Today is Friday, January 31, 2014.
We are born in one day. We die in one day. We can change in one day. And we can fall in love in one day. Anything can happen in just one day.
I disagree.
Sure, it appears that we do all these things in one day, but if you think about it there's always some kind of preparation period, even for death. I do agree that these things seem to happen in a moment, but that moment is actually the culmination of a process.
It's easy to see this with birth. We don't just pop out of our mother's body one fine day without warning. There are at least 40 weeks of physical preparation, as well as mental and emotional preparation before the baby arrives. Those who have had out-of-body experiences or regression hypnotherapy sessions tell us that the incoming Soul also has a period of preparation before the physical birth.
If you want to be technical, all of life is a process of dying. Those who live into old age notice a more conscious process of preparation for death, and employees of seniors homes and hospices notice a well-defined progression of experiences that signal a person is getting ready to leave physical experience.
With changes, as well, but there is always some underlying preparation for the change, whether we are aware of it or not, and many times we are not. There is often a change of consciousness that precedes a physical, mental or emotional change. The "moment" that we notice the change is, once again, the culminating point not the beginning, of the process. Many times we never even notice our own change until someone who is not with us daily encounters us and remarks on the difference.
Even if you think you fell in love at first sight, I suspect that you went through some sort of process before you met your true love, so that the actual meeting was a culmination of the change process. It may be that both of you went through a process on your own before you met. If it was not love at first sight, there was a gradual process in which your perception of the person changes from "friend" to "potential lover."
The key, I think, is to become more aware of these changes as they are taking place. In fact, I think we can even be pro-active and create changes within ourselves on purpose, in a conscious, directed way. There are lots of things that go in to the making of a change.
Psychologists have noticed patterns in conscious change, There are five stages and ten processes.
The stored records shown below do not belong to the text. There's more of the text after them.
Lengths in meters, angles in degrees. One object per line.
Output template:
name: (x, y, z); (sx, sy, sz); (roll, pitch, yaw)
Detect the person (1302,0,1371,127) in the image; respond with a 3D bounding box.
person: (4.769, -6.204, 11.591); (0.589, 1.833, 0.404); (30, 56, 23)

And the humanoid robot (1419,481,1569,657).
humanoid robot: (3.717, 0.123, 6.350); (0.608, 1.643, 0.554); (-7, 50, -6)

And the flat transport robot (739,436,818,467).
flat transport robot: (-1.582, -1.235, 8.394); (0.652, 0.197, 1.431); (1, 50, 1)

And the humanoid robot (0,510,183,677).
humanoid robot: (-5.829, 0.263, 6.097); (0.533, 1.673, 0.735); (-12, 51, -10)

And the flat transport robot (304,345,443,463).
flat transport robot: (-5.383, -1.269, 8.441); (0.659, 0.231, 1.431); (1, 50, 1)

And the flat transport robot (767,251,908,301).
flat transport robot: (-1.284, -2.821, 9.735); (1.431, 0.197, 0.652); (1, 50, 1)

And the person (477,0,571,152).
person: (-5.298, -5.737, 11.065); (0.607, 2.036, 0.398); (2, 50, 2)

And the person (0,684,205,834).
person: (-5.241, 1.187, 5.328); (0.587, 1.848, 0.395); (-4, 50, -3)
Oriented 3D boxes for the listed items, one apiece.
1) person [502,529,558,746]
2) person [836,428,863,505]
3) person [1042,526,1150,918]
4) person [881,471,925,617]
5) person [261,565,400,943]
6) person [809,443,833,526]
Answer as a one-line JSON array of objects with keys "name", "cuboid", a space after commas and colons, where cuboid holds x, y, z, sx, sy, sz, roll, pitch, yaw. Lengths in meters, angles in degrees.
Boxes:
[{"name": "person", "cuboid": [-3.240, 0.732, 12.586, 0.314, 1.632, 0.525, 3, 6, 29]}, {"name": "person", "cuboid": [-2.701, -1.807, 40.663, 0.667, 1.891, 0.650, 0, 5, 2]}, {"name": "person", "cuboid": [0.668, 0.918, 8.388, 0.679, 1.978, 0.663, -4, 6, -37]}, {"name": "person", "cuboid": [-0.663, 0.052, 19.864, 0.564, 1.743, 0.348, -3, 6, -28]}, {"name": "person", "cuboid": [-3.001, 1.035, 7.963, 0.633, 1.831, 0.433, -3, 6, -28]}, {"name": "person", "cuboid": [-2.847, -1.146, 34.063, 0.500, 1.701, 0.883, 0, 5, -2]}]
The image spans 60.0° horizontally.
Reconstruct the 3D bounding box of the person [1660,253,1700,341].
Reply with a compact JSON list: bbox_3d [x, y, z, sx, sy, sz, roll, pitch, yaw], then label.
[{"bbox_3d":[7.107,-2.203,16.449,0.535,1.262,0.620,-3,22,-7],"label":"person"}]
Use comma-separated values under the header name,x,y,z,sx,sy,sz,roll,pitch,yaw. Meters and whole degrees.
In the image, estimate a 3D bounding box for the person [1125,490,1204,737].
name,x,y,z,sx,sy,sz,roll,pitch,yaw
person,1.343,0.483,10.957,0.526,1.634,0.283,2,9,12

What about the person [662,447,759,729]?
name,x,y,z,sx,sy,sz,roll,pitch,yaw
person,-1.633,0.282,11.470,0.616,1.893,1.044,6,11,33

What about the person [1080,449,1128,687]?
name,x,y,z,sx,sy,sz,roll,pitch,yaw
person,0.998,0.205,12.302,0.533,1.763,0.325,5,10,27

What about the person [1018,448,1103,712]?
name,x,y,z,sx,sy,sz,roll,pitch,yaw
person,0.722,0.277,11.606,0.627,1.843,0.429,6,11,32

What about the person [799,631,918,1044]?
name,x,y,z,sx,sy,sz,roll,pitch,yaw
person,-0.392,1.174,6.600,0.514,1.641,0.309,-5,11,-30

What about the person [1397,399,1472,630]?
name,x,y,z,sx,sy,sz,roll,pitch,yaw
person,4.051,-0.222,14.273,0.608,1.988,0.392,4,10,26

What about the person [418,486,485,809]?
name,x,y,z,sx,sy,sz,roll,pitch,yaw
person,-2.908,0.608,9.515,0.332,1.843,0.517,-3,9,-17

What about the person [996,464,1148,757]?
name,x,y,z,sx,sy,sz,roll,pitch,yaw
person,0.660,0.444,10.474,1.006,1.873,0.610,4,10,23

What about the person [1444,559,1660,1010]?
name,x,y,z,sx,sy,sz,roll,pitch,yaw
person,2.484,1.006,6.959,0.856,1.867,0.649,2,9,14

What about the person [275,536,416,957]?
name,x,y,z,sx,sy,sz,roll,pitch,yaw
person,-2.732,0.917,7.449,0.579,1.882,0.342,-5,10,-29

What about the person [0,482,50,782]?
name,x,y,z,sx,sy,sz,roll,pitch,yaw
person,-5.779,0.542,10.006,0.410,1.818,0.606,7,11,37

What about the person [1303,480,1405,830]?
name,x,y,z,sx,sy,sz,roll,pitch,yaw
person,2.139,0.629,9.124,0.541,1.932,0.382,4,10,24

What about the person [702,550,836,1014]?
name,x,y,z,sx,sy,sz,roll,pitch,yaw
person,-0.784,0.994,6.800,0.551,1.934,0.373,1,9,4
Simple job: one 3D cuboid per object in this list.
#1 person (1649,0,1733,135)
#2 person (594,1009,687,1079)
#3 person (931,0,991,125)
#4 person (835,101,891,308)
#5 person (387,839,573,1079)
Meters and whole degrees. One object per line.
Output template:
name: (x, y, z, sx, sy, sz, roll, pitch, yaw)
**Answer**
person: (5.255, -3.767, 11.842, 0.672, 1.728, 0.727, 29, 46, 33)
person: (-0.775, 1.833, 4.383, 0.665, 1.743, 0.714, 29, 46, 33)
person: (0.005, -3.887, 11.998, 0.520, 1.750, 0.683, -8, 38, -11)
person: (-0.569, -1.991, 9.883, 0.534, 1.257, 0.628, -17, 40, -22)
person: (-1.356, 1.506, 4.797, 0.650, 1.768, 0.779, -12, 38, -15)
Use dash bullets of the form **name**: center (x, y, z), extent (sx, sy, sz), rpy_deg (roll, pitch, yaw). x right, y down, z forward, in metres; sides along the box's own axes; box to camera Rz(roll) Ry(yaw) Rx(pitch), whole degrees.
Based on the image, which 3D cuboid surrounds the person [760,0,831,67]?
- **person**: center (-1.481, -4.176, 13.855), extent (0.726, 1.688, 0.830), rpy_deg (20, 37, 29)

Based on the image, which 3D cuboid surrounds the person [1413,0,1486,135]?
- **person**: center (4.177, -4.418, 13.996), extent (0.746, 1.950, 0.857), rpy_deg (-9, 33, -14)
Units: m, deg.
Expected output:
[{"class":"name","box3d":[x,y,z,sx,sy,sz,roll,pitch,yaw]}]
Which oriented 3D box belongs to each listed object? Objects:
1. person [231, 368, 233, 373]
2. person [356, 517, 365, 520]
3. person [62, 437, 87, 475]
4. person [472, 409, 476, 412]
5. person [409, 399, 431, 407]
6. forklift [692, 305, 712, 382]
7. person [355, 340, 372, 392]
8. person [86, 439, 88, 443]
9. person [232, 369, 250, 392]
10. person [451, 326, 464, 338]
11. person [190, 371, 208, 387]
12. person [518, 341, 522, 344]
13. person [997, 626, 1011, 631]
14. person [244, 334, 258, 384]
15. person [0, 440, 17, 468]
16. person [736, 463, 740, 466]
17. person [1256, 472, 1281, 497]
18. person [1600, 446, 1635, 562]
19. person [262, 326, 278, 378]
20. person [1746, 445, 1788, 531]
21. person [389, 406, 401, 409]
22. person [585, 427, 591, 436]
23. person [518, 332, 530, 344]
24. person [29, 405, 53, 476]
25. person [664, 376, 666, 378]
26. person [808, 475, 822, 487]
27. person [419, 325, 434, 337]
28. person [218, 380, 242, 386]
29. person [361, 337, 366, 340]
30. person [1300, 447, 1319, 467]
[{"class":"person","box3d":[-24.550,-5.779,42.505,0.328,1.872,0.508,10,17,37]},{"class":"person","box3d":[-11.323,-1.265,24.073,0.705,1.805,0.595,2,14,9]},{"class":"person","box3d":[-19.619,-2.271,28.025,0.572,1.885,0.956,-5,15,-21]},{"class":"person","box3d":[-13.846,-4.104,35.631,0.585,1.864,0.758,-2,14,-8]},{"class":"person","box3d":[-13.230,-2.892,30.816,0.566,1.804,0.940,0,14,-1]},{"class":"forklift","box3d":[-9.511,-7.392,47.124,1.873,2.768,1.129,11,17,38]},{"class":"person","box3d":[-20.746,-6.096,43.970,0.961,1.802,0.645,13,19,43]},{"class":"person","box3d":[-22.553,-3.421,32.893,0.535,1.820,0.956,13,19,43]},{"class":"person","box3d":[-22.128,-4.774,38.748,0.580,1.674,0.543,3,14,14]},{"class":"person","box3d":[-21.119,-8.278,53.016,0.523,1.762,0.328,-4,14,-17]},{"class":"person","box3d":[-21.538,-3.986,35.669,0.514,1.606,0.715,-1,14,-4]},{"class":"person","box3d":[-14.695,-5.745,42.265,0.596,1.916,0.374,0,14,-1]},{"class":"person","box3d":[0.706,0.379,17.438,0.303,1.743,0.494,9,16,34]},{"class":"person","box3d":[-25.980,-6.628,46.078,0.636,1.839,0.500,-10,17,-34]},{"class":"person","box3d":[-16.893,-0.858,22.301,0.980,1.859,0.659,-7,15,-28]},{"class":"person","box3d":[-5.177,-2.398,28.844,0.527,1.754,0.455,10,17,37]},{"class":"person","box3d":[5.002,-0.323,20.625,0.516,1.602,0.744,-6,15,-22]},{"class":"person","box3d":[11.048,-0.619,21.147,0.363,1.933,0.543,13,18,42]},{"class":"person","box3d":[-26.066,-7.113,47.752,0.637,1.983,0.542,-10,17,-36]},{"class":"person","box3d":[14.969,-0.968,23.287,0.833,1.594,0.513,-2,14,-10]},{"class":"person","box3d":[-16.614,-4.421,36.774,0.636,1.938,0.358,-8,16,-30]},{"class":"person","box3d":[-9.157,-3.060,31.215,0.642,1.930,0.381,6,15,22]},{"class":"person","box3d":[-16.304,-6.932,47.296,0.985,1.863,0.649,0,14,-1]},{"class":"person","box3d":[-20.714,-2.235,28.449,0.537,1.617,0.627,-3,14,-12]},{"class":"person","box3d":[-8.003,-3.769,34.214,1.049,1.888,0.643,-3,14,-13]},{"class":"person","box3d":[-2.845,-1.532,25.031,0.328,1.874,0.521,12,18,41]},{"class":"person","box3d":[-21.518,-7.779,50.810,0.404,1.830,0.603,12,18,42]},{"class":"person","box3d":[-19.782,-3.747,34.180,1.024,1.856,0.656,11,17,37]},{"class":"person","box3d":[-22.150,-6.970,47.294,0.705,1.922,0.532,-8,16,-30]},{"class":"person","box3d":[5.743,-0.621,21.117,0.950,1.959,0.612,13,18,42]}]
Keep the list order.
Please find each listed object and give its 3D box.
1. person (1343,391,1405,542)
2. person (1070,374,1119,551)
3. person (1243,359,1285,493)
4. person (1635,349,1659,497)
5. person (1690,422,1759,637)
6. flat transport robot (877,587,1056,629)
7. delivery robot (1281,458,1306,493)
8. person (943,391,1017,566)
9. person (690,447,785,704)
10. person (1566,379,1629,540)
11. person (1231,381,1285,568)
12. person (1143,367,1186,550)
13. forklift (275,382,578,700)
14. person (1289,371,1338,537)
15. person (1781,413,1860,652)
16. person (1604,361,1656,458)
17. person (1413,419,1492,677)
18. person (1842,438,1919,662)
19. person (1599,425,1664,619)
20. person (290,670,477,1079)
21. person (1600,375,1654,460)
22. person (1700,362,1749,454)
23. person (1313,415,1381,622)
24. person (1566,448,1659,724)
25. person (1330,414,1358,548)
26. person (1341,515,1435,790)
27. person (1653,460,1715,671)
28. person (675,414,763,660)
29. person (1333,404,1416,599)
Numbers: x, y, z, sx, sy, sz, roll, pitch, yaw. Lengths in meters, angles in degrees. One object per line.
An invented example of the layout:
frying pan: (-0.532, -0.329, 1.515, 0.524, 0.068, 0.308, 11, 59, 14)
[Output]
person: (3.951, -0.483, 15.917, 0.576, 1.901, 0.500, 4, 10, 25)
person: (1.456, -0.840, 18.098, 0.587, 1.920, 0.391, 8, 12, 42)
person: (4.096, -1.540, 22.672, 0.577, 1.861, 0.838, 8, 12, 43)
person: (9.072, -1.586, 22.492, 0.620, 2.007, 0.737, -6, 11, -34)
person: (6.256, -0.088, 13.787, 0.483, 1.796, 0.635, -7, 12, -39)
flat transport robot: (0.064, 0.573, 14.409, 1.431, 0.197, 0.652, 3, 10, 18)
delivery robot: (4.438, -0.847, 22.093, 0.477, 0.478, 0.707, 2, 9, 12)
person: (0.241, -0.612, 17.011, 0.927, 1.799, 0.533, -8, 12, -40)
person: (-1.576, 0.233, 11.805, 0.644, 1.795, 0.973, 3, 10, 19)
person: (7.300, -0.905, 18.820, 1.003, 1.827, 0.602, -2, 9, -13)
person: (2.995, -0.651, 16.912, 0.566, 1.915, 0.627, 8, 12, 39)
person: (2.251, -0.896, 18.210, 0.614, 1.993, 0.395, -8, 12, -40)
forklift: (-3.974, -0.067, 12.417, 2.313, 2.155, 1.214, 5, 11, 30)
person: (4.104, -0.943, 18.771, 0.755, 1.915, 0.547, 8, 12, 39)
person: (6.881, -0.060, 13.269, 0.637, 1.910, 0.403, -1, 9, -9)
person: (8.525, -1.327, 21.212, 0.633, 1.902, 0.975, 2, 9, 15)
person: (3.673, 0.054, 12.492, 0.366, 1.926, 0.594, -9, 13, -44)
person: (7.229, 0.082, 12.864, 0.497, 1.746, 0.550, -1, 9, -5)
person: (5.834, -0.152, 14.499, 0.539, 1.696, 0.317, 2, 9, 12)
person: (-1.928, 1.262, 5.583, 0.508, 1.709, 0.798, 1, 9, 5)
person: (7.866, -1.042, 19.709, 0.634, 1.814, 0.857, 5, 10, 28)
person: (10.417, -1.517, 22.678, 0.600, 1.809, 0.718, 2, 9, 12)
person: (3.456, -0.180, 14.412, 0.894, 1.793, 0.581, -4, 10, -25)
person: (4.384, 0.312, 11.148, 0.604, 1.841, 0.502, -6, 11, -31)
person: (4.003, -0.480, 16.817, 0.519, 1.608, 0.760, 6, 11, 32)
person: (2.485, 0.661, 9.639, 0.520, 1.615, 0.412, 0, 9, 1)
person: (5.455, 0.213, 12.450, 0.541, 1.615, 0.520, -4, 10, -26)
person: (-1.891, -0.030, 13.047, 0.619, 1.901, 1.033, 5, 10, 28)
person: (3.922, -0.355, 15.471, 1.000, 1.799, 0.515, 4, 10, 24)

Stage One: thinking about making a change. At this stage, we may be uncomfortable with the way things are, or aware that our current behavior or attitudes are unsuitable or counterproductive.
Stage Two: weighing the pros and cons of a specific change. Some people just think this through, while others make specific lists.
Stage Three: planning to make the change. Here we specifically decide to make the change and figure out how it is to be accomplished. We may also set a start and end date for the change or a specific, measurable goal to accomplish.
Stage Four: implementing plans for the change. We take specific action, such as joining a health club or weight-loss program, taking a class, or investing in some equipment that will help facilitate the change.
Stage Five: maintaining the change. We figure out how to keep on keeping on without backsliding to the way things were before.
Psychologists have also identified ten processes of change.
Processes in Stages One through Three
1. Get all the information you need about the change. If you're moving to a new location, what is the job situation like? How about the housing market? What neighborhoods are good to live in? What lifestyle options does the new location offer? If you're losing weight, what methods have a proven track record of success for people like you? How much time, effort and money are you willing to spend to achieve this change?
2. Recognize and express your feelings. Are you scared, nervous, or resentful of having to change? Let it all hang out. What's the worst possible scenario? What could go wrong? Why are you resisting the change? Get to the bottom of your feelings, because if you don't, they will derail your progress.
3. Evaluate how the change will affect your life in general. What will your life be like during and after the change? Will you have to make other, related changes to support that main change you are trying to achieve? How will the change benefit you?
4. Evaluate how the change will affect people around you. How will people react to your changes, and how might your changes force others to change? Remember that you do not live in a vacuum, and there is always a ripple effect.
5. Evaluate your strengths and weaknesses with respect to the change. What qualities in your personality will make it easy or difficult for you to make this change? Do you have the strength, tenacity, humility, courage, or work ethic to achieve your goal? What might derail your plans? Are you stubborn, impatient, pessimistic, or lacking self-confidence?
Processes in Stages Four and Five
6. Develop support relationships. Find a teacher, tutor, or buddy. Tell your plans to someone who will help keep you accountable for your change. Find people who will encourage you and not enable you to quit easily.
7. Change your thinking/beliefs/attitudes. This will involve getting into your subconscious to see how your current beliefs and self-talk may have caused you to fail in the past. You may also have to deal with fears that were hidden and which have been re-activated now that you are involved in the change process.
8. Find ways to reward yourself. Your reward doesn't have to be food, and it doesn't have to cost a lot of money. You may have a mutual agreement to provide rewards for another person, who will do the same for you.
9. Avoid negativity. Be gentle with yourself. Allow yourself to start over, or start again if you fall off the wagon. Find ways to achieve small, incremental goals in order not to get bogged down in negative thinking.
10. Have a maintenance plan. How will you ensure that the change you have made is permanent? Remember that you will not be able to go back to the way things were!